I have spoken now to a few and met a couple face to face thought trying to start this network and hope this will expand in the future.

If nothing else I hope it will be their for women when they are fist diagnosed and that we can do some education in raising awareness amongst women – especially older women - about HIV.

6./Should HIV be treated in a GU clinic?

It is not treated in GU clinics in every part of the UK, but it is in Cornwall. If you can travel to bigger towns Plymouth, Exeter, Bristol, London you may be treated elsewhere in more appropriate surroundings and with complimentary medicine and therapies and counselling offered as routine but the clinic itself.

It is not in Cornwall. KPS does offer counselling etc but not the NHS GU Clinic!!! If you can afford to go privately you may get this but not if you can not.
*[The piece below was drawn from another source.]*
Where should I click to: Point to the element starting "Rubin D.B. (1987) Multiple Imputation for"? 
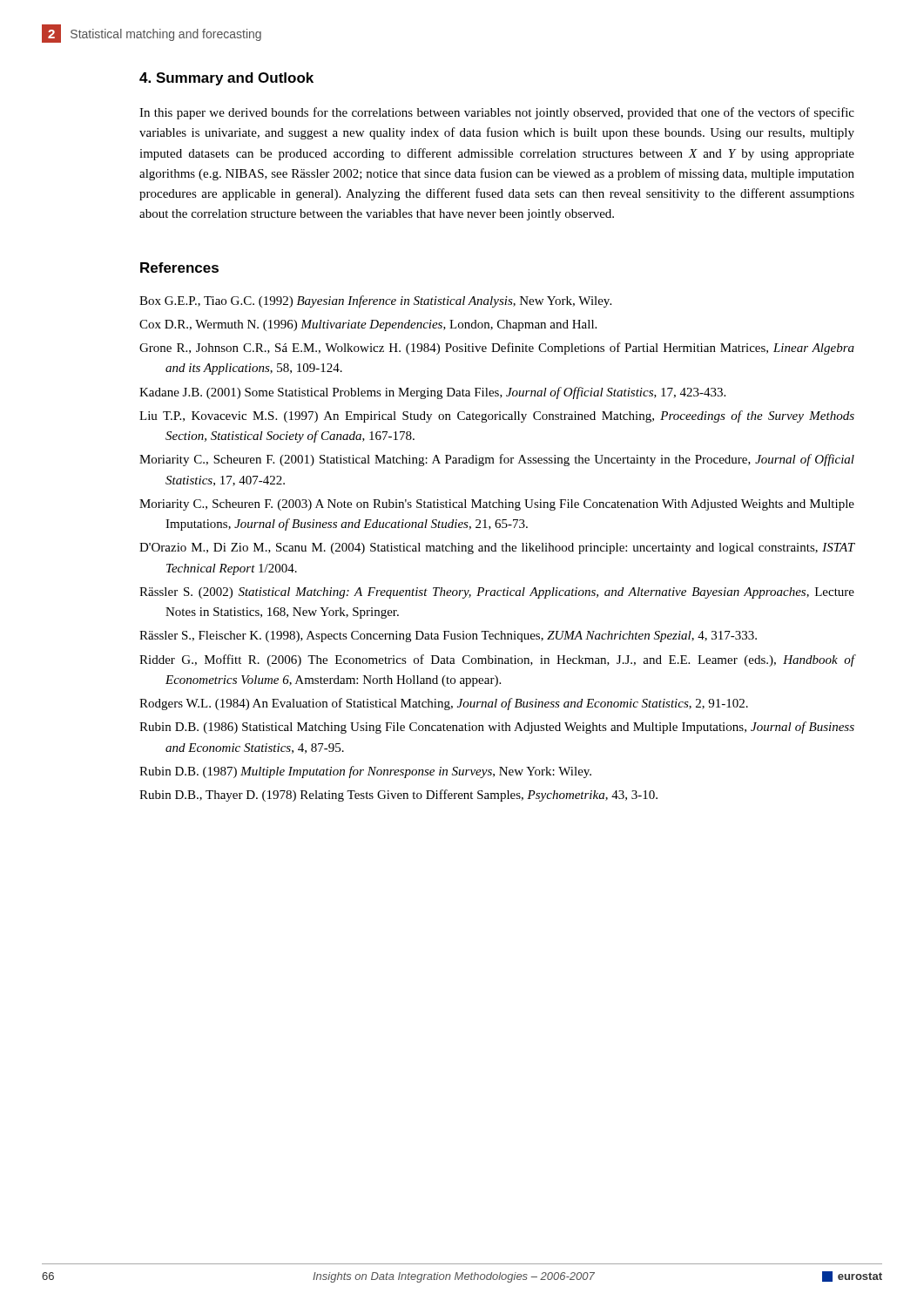point(366,771)

I personally think this is so very inappropriate. So do most people living with HIV - Why?

  • All other sexually transmitted diseases are curable or at the least not life threatening theses days.
  • HIV is life threatening and affects your whole life and your whole body
  • HIV does not affect the genitals at all in most people
  • The only similarity to other STDs is it is transmitted often sexually

Further:

  1. Most other people with other STDs will only go to a GU clinic for a week or two – if you have HIV you will be going there for the rest of your life !!
  2. The facilities offered in a GU clinic are not suitable for people with a life threatening and lifetime illness for which they will have to be on medication for the rest of their lives
  3. I, and others with HIV, could be still sitting in that GU waiting room regularly at 80 years old – this is not appropriate.
  4. And it is medication that can often have both short and long term side effects which can also be life changing or life threatening
  5. Prescribing for people with HIV and looking after people living with HIV- both HIV meds and other medications for other conditions we can get - is a very specialised branch of medicine . It should not be done in any 'general' clinic!!



In Cornwall I would like to see something like the Mermaid centre for people with HIV

I know this is may be impossible but I can have hopes and this to aim for.